United Nations: Seaborne trade exceeds 10 billion tons, but future uncertain
Published in SUNS #8359 dated 21 November 2016


Geneva, 18 Nov (Kanaga Raja) -- World seaborne trade in volume terms was estimated to have exceeded 10 billion tons for the first time ever in 2015, an expansion of 2.1 per cent from the previous year, the UN Conference on Trade and Development (UNCTAD) has said.

In its latest Review of Maritime Transport 2016, UNCTAD however said that this pace was notably slower than the historical average and below rates recorded over the last decade, when volumes were lifted by strong import demand from China.

According to UNCTAD, shipping carried more than 80 per cent of the world's goods by volume in 2015, and its slow growth reflects sluggish global trade, albeit with variations in the different sectors.

"With global trade growing at its slowest pace since the financial crisis, the immediate outlook for the shipping industry remains uncertain and subject to downside risks," said UNCTAD Secretary-General Dr Mukhisa Kituyi.

"The push for ever larger ships is at the root of the industry's problems.
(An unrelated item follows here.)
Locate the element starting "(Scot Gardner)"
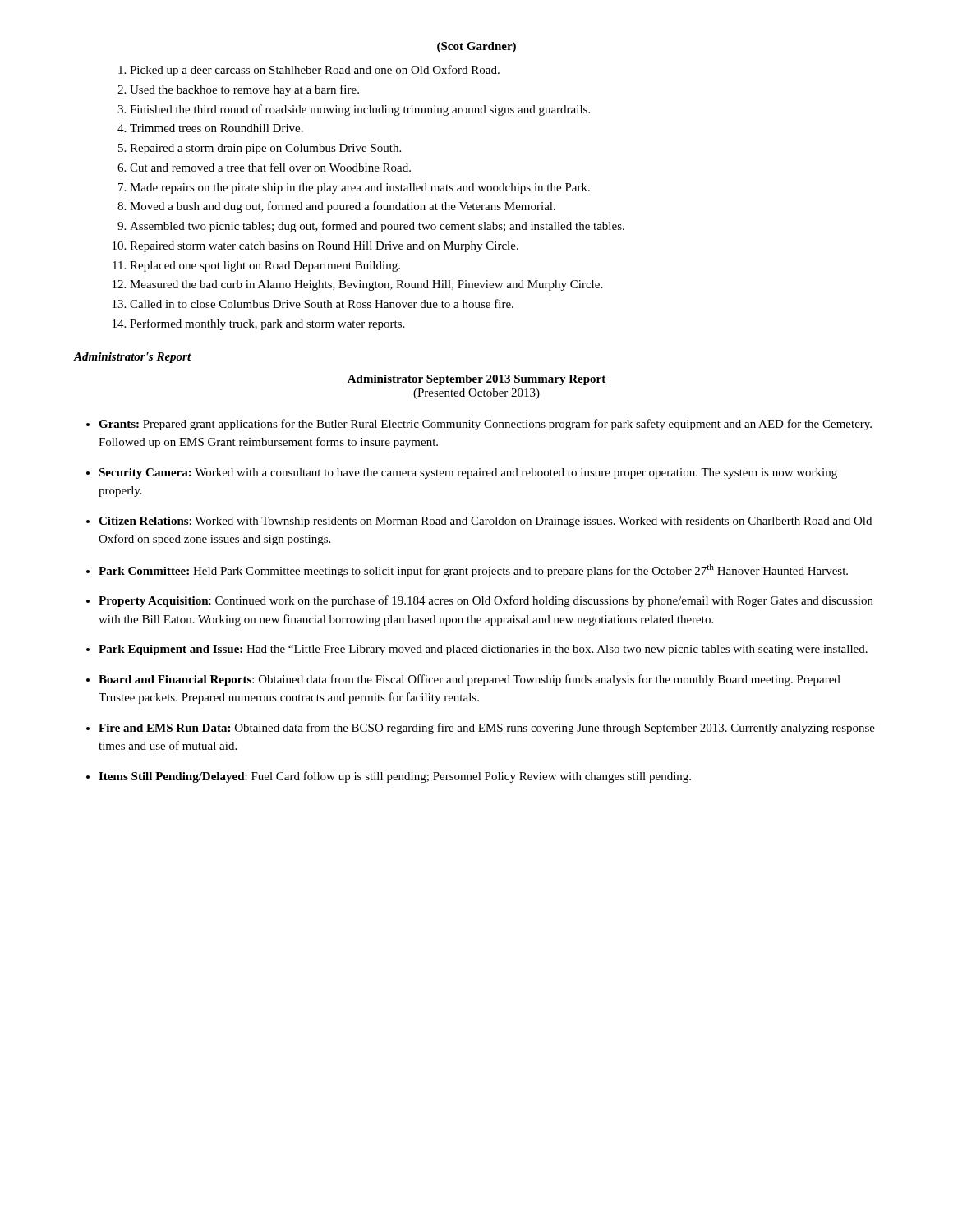coord(476,46)

There's just not enough cargo right now to fill the newly acquired, bigger vessels," he added.

According to the UNCTAD report, although a number of factors are increasingly redefining seaborne trade patterns, maritime trade flows continue to be largely determined by developments in the macroeconomic landscape.

Falling short of expectations and below the pre-financial crisis levels, growth in world GDP expanded by 2.5 per cent in 2015, the same rate as in 2014.
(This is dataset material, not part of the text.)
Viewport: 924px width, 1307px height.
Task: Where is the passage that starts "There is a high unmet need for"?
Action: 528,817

Diverging individual country performances unfolded against the background of lower oil and commodity price levels, weak global demand and a slowdown in China. China's transition from an investment and export led- growth model has had an impact on global manufacturing activity, aggregate demand, investment and commodity prices.

"An additional factor dampening global growth was the reduced positive effect of lower oil prices, partly offset by the negative impact on investment in the oil sector and the import demand of oil-exporting countries."

In sum, global recovery continues but at a slower pace, with momentum created by China and other developing economies in Asia increasingly easing. Developments in the economy of China and related spillover effects on other large developing countries impact all countries, both developed and developing.

Other factors - namely, lower commodity and oil price levels, eroding terms of trade in many commodity and oil- exporting countries, weaker global demand and investment, geopolitical tensions and political unrest - contribute to heightening uncertainty, increasing downside risks and challenging the outlook for merchandise and seaborne trade, said the report.

SEABORNE TRADE

In 2015 - for the first time in UNCTAD records - world seaborne trade volumes were estimated to have exceeded 10 billion tons. However, shipments expanded by 2.1 per cent, a pace notably slower than the historical average and below rates recorded over the last decade, when volumes were lifted by strong import demand from China.

According to UNCTAD, a key influence on seaborne trade in 2015 was China. Over the last decade, China has contributed the largest shares of import volume growth, particularly in imports of dry bulk commodities, which fell in 2015, for the first time since the Great Recession.

Given the rising contribution of the services sector to the GDP of China, along with the contribution of industry and construction, the implications for seaborne trade patterns and volumes are significant, it said.

In 2015, dry cargo shipments accounted for 70.7 per cent of total seaborne trade volumes, while the remaining was made up of tanker trade, including crude oil, petroleum products and gas.

Also in 2015, volumes increased by 1.6 per cent, down from 4.1 per cent in 2014. Growth in world seaborne trade by ton-miles - providing a more accurate measure of demand for ship-carrying capacity, as it takes into account distances travelled - also decelerated; world seaborne trade totalled an estimated 53.6 billion ton-miles, up from an estimated 52.7 billion ton-miles in 2014.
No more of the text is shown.